# Task item
The exercise calls for the lines from the one containing "print(get_max_val(v_list, n, k))</code>" to the end of the data below to be output exactly, pictures excluded.

# Data to use
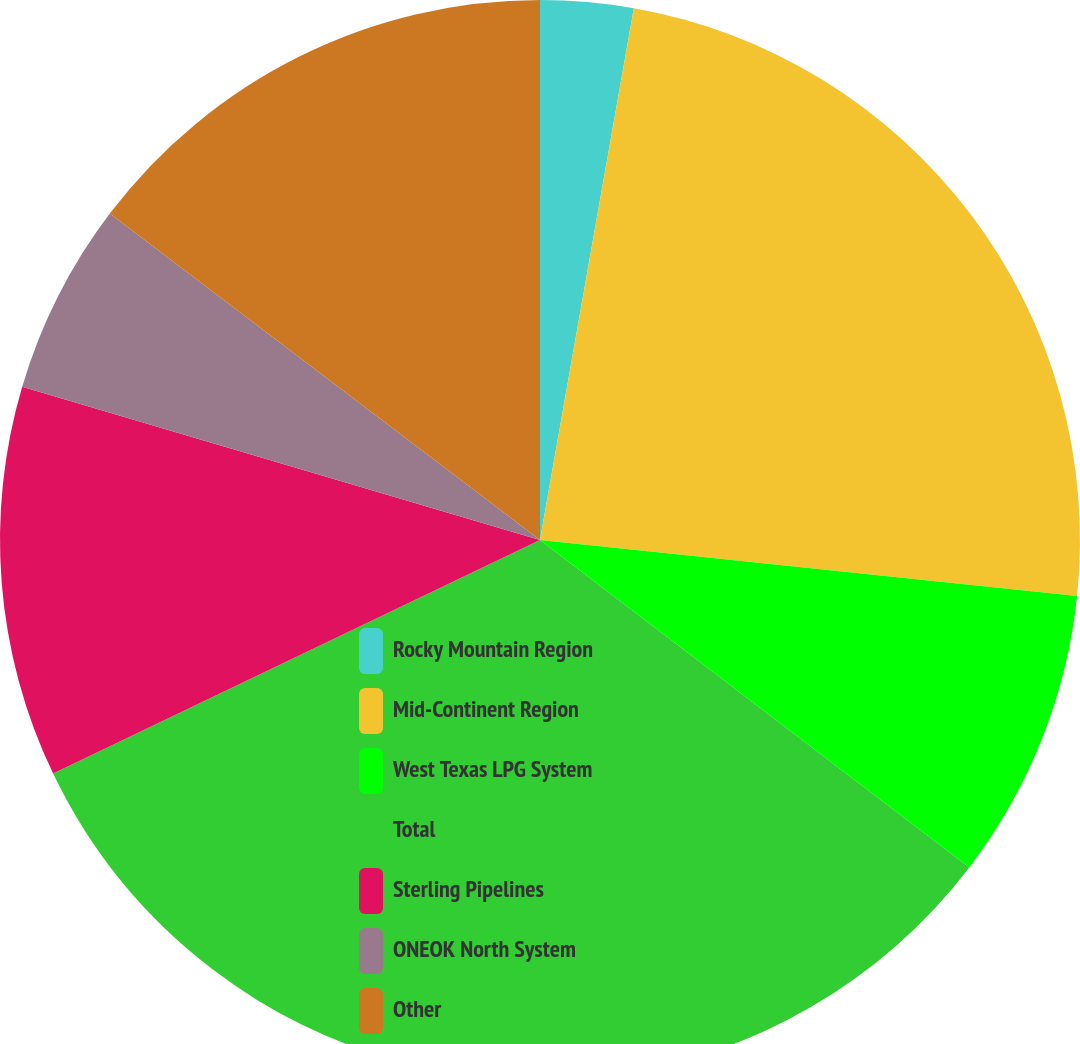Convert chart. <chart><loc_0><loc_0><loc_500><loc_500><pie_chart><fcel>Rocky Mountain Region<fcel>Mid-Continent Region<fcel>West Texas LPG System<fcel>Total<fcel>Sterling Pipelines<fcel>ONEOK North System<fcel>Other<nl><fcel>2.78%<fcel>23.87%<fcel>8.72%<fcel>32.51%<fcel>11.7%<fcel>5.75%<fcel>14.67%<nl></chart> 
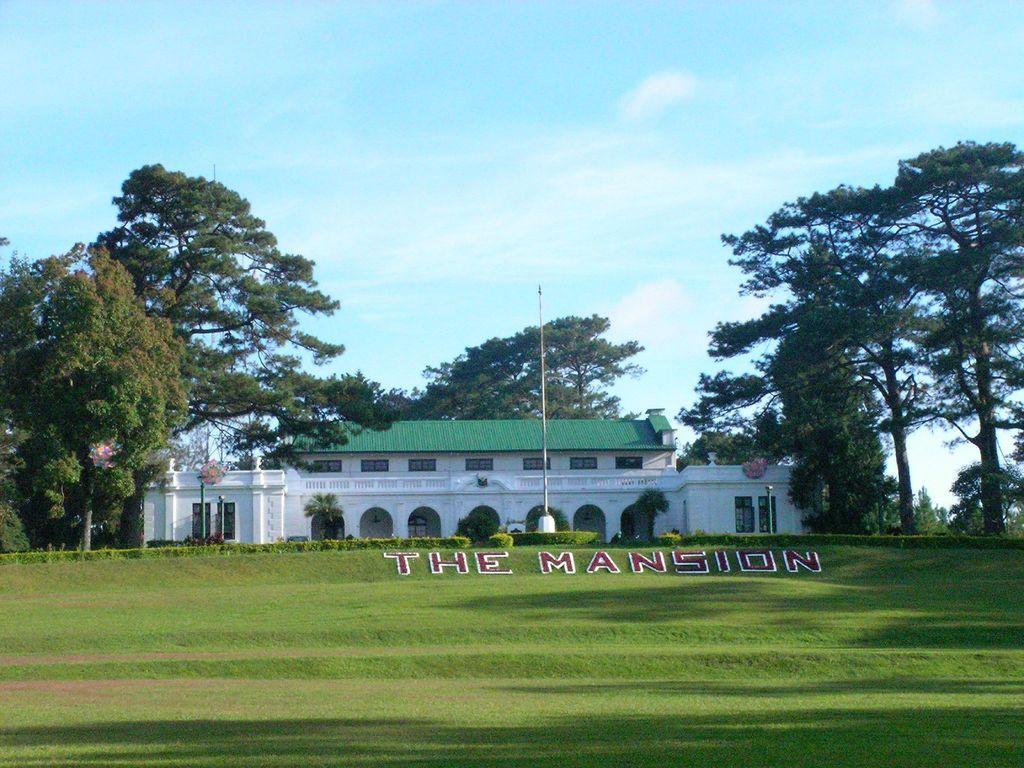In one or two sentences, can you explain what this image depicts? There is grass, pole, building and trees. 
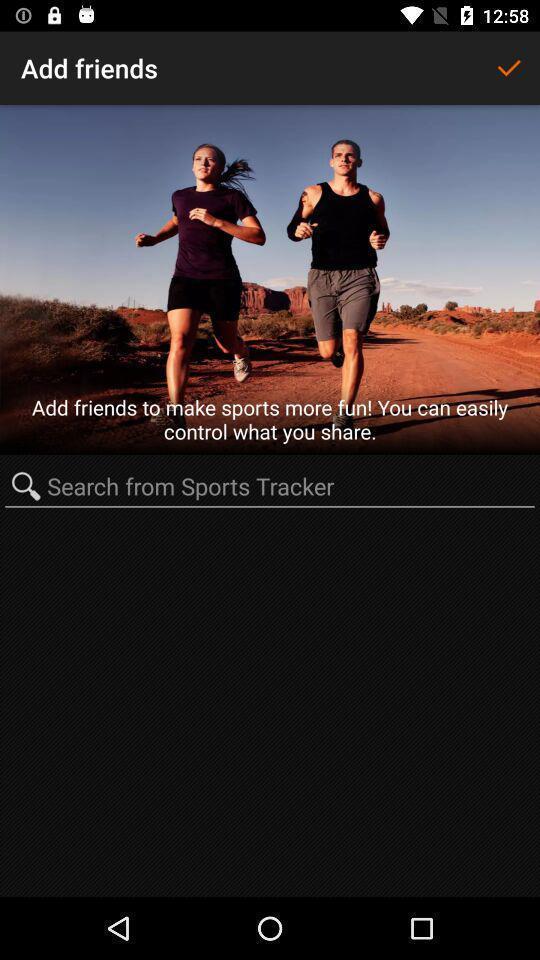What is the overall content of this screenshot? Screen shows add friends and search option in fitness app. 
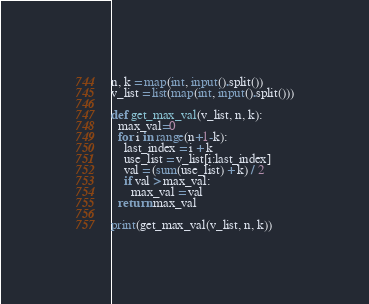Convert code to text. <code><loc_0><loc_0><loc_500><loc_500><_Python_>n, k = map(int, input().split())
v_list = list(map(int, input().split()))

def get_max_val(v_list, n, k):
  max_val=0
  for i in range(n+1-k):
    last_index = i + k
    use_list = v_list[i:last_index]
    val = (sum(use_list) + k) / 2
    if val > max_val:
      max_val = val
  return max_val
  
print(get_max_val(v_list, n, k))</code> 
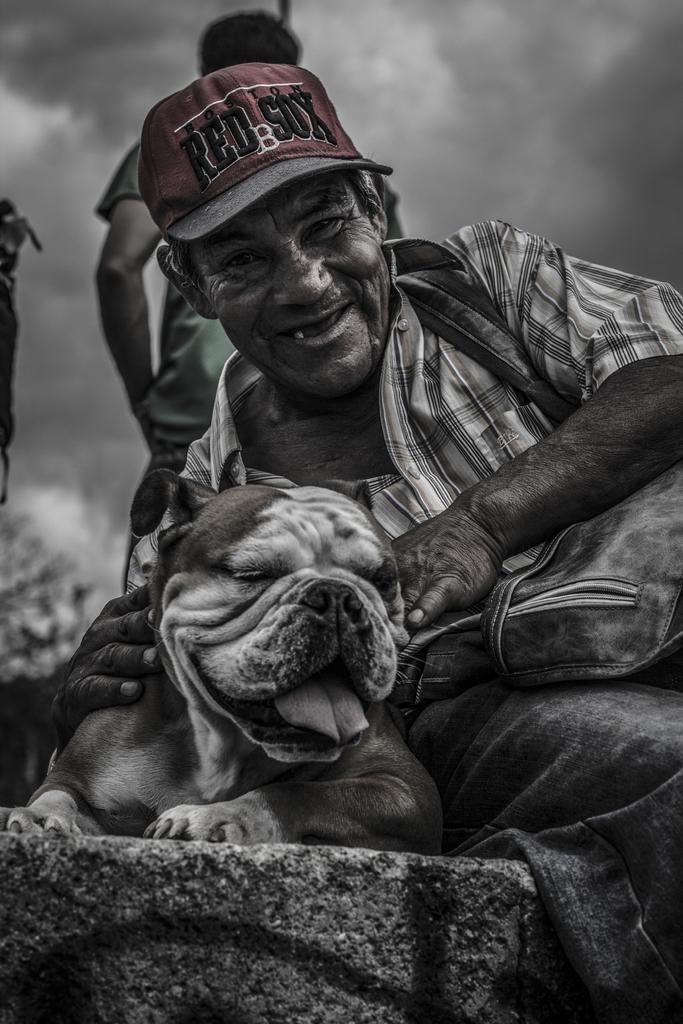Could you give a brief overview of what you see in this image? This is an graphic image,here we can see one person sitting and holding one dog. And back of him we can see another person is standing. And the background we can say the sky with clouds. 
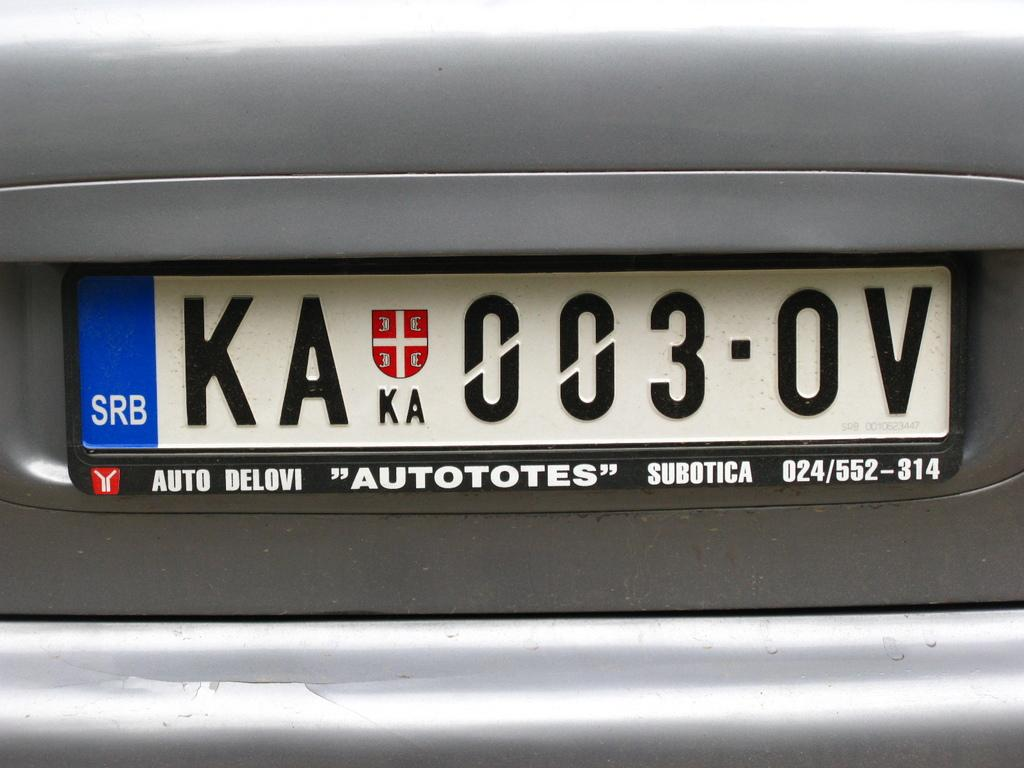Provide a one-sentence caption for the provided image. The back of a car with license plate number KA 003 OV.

# Result below
print(get_max_val(v_list, n, k))</code> 
Could you give a brief overview of what you see in this image? This is an graphic image,here we can see one person sitting and holding one dog. And back of him we can see another person is standing. And the background we can say the sky with clouds. 
Provide a one-sentence caption for the provided image. The back of a car with license plate number KA 003 OV.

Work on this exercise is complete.